[Techtalk] 2nd networking question

BUNTER MATTHEW Matthew.Bunter at renaultvi.com
Mon Sep 2 15:38:00 EST 2002


--- Reçu de       VITEUR.BUNTERMA 04 72 96 57 77            02/09/02 15.38

Date: Fri, 30 Aug 2002 16:49:07 +0100
Subject: Re: [Techtalk] 2nd networking question

On Fri, 30 Aug 2002, BUNTER MATTHEW wrote:

> Yeah I understand that I can ping with 1474 but not 1475 as the
> argument and I know that this goes over the 1500 mark. But is this the
> MTU setting which is limiting this?

Hi

This is most likely the case, yes.

Do you use PPPoE or PPPoA at all?
These reduce the MTU on the network, thus meaning it has to be set lower
on your machine.

In general, if you do not set the MTU lower, this won't cause many
problems, since every time you send a packet that is too big to pass over
the PPPoE tunnel an ICMP packet will be sent back to your machine telling
it that it must fragment the packet.  All this will do is reduce the
performance slightly.

However in some cases these packet too big messages won't be sent, and the
packet that is too large will be silently dropped.  To complicate things
further there are many sites on the internet at large who block these
ICMP_MUST_FRAGMENT packets.  So when they send a 1500 byte packet towards
you, the other end of the tunnel sends back the message that it's too big,
which is discarded, and the other site never knows it sent a packet that
was too big and sits there waiting

The moral of this story is think twice before blocking any ICMP, it exists
for a reason.  The harmful effects of blocking it far outweigh (imho) the
benefits that may be gained by preventing its use to stop its abuse.

Maria

meow

---------------------------------------------

My response :
No not using PPPoe or PPPoa. Just on a 10M LAN.

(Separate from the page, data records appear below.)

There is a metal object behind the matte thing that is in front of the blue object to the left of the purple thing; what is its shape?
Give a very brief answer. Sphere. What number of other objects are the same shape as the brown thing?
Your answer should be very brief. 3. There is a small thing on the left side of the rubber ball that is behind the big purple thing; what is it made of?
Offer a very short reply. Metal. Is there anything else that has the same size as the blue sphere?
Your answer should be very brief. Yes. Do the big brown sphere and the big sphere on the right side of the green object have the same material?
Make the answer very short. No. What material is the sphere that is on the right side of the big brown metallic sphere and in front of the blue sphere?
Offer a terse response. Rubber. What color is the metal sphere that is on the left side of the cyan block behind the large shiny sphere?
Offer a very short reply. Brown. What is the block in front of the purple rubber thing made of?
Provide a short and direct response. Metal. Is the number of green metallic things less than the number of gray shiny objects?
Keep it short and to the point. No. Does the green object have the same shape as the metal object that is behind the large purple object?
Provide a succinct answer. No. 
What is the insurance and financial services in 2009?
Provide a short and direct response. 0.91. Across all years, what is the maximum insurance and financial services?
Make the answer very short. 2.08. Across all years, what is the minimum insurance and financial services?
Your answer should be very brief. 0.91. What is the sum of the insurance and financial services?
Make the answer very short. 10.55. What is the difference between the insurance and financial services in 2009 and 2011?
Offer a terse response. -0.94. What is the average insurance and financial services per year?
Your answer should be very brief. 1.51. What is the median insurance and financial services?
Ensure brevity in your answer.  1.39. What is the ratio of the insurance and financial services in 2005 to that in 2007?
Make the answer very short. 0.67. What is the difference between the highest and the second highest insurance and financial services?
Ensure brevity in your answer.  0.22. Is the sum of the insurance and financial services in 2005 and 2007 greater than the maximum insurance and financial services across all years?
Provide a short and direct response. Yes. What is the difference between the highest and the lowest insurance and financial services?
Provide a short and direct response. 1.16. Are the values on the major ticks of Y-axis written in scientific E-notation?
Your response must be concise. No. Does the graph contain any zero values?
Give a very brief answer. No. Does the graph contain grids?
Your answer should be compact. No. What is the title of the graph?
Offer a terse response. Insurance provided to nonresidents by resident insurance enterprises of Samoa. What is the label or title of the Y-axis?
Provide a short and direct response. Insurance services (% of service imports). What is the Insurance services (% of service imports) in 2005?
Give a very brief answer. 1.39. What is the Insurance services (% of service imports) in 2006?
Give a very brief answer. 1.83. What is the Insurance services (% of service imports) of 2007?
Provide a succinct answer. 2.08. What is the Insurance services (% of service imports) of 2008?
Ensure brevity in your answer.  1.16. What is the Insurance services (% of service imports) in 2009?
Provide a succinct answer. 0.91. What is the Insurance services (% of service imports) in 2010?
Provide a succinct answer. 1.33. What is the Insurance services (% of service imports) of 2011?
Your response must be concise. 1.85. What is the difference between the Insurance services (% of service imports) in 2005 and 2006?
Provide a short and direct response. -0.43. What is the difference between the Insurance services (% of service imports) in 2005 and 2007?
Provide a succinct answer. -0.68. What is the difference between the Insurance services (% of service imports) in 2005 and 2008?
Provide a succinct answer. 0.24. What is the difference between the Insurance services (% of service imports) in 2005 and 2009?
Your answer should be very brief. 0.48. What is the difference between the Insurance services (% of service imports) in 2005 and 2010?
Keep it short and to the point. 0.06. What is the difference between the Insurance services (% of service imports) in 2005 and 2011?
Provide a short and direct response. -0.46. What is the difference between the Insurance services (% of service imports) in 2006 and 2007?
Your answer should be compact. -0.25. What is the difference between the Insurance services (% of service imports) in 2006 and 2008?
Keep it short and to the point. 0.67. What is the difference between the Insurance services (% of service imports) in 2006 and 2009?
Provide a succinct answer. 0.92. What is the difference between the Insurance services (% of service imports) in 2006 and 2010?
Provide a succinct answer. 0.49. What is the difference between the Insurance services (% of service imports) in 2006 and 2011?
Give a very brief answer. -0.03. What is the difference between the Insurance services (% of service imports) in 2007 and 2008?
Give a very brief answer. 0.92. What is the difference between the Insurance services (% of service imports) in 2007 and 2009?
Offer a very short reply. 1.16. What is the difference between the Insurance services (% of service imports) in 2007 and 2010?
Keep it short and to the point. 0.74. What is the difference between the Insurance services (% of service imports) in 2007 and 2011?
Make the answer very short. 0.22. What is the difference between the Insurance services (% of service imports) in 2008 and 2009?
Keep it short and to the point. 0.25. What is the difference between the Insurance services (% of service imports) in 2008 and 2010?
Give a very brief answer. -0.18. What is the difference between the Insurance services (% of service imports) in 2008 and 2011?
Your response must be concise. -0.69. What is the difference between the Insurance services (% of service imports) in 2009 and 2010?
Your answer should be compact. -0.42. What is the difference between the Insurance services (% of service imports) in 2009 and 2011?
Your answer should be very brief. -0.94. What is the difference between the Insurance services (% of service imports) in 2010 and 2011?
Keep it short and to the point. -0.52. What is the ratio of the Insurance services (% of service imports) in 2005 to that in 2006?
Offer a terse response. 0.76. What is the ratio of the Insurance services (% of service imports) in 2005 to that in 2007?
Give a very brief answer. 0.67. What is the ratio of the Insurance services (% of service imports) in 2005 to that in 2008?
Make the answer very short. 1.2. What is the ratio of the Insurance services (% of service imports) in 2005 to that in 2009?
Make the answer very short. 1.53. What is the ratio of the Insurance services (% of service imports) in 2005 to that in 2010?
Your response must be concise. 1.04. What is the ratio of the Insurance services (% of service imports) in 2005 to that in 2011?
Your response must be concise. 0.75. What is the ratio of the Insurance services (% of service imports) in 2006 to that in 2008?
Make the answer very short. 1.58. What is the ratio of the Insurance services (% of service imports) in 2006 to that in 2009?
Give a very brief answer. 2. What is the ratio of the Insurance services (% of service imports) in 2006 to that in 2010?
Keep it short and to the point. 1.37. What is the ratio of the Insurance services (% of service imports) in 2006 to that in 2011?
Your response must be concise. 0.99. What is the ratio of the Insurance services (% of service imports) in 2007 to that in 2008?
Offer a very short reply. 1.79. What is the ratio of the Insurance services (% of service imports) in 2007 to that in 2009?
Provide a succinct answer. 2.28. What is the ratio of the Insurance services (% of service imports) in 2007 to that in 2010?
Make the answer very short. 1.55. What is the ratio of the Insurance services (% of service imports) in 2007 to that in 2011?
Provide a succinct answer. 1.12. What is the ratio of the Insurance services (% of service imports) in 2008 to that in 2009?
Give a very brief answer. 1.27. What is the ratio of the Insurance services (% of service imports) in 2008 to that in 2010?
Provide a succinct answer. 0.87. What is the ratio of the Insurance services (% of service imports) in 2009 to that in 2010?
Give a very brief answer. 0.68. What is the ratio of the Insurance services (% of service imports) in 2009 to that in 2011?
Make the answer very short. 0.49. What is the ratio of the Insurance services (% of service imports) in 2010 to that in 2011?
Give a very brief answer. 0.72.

I agree about the dropping of ICMP packets. If needed one could just setup
a firewall rule to limit the amount of ICMP packets within a certain time
I think.

However for the high speed home user maybe they want to limit the ability
of bad guys (and gals) to see them. Just a thought.

Thanks for the info as well, but I still haven't found where one can see
the TCP Window size in a Linux config file.

Matt (who is sorry it took so long for him to realise HE was one of the
ones top-posting)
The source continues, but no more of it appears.